Saved entries:
● ● ● ●

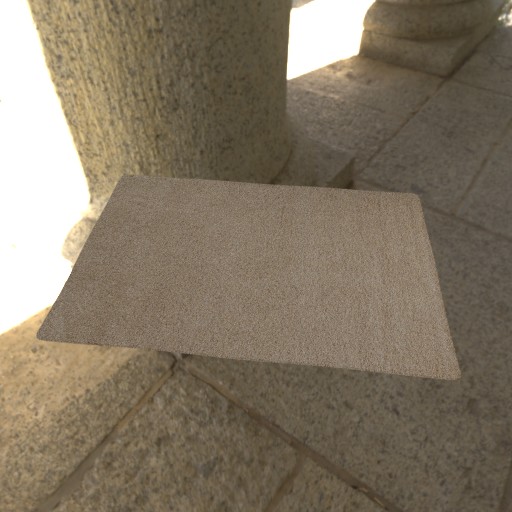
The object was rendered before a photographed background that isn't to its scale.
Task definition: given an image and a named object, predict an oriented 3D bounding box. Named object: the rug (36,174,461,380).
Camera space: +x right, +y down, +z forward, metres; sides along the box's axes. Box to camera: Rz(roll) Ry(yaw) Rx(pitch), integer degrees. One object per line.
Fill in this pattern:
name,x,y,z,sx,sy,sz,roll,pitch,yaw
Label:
rug,0.000,0.000,3.394,2.700,0.024,1.801,4,46,4
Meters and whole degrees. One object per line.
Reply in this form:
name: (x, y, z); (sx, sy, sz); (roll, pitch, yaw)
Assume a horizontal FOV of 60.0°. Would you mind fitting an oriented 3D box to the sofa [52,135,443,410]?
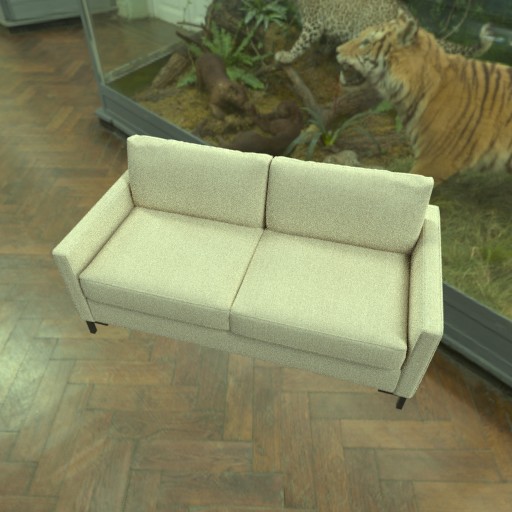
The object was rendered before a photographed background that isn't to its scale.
sofa: (0.000, 0.000, 2.137); (1.651, 0.812, 0.839); (11, 44, 11)
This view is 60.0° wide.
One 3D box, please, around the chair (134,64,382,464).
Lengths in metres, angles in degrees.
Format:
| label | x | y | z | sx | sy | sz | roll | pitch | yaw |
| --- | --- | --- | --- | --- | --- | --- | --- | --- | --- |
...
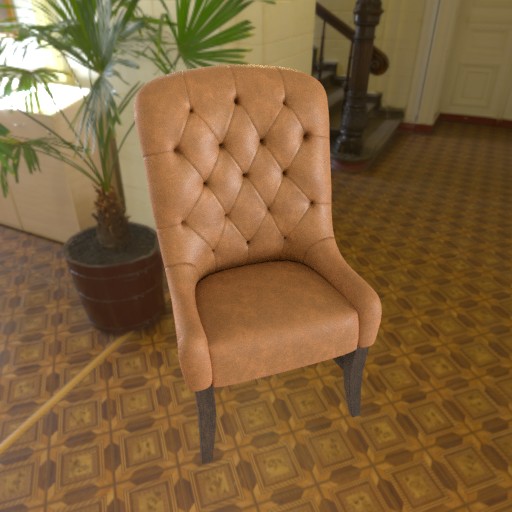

● ● ● ●

**TASK DETAILS**:
Scan the records above and report every line with the string "pitch".

**TASK RESPONSE**:
Camera space: +x right, +y down, +z forward, metres; sides along the box's axes. Box to camera: Rz(roll) Ry(yaw) Rx(pitch), integer degrees. One object per line.
name,x,y,z,sx,sy,sz,roll,pitch,yaw
name: (x, y, z); (sx, sy, sz); (roll, pitch, yaw)
| label | x | y | z | sx | sy | sz | roll | pitch | yaw |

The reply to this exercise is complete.